In einem span­nen­den, hoch­klas­si­gen Finale benö­ti­gen die Berlinerinnen in eige­ner Halle in der Paul-Heyse-Straße drei­ein­halb Stunden, um Dauerrivalen DJK Kolbermoor mit 3:2 zu bezwingen.

Der TTC trat mit der glei­chen Mannschaft an, die im Dezember die Champions League gewon­nen hat­te. Im Pokal-Finale hol­ten Britt Eerland (gegen Kristin Lang) und Nina Mittelham (gegen Yuan Wan) in den Einzeln die Punkte. Gegen die über­ra­gen­de Fu Yu aber unter­la­gen Xiaona Shan und auch Eerland. So muss­te das abschlie­ßen­de Doppel ent­schei­den. Shan/Mittelham setz­ten sich gegen Lang/Wan schließ­lich mit 3:1 durch.

Es war der sie­ben­te Pokalsieg in der Vereinsgeschichte.

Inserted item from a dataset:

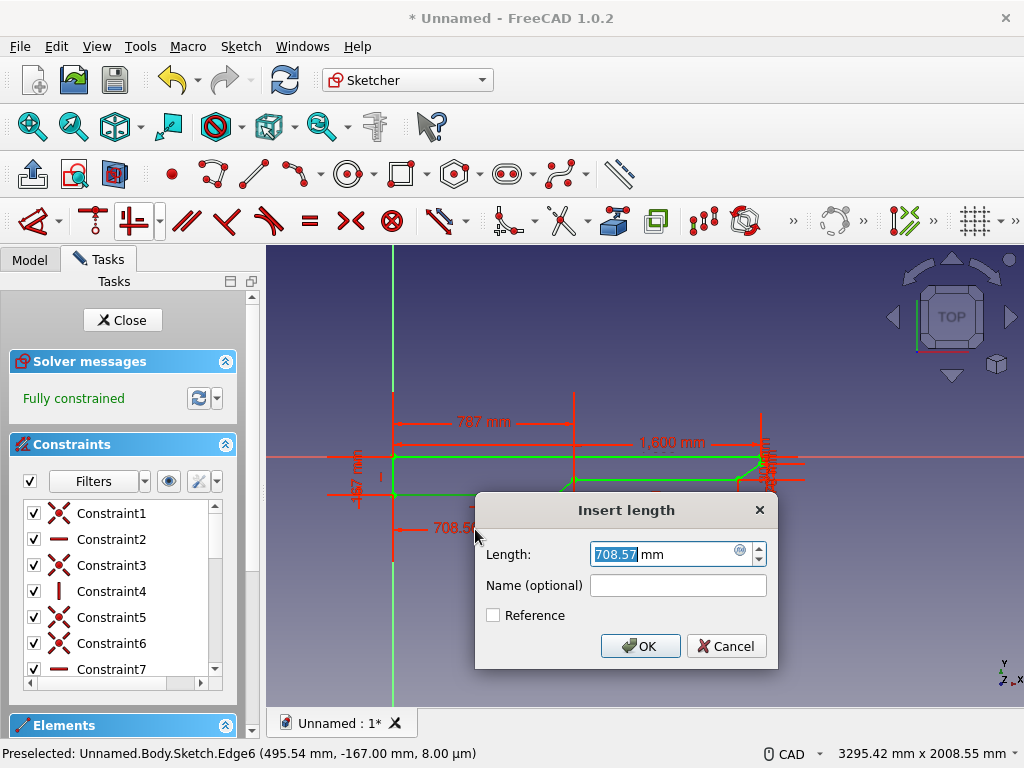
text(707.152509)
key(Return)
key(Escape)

Wasserball: Sieg nach 10-monatiger Corona-Pause

Deutschlands Wasserballer gewan­nen ihr ers­tes Länderspiel nach zehn Monaten. Gegen den EM-Zehnten Georgien sieg­te das DSV-Team in Warendorf mit 18:9. Für das DSV-Team war es das ers­te offi­zi­el­le Spiel seit dem 11. März ver­gan­ge­nen Jahres. Damals gab es beim Vier-Nationen-Turnier in Hamburg eine 10:12-Niederlage gegen den EM-Dritten Montenegro. Zwei Tage spä­ter wur­de der ers­te Lockdown im Bundesgebiet verkündet.

In Warendorf berei­ten sich die Wasserballer um Bundestrainer Hagen Stamm auf die Olympia-Qualifikation in Rotterdam vom 14.-21.2.2021 vor. Im Vorbereitungs-Team auch die acht Spieler von den Wasserfreunden Spandau 04 Marko Stamm, Lucas Gielen, Marin Restovic, Dennis Strelezkij, Maurice Jüngling, Mateo Cuk, Yannek Chiru und Aleks Sekulic.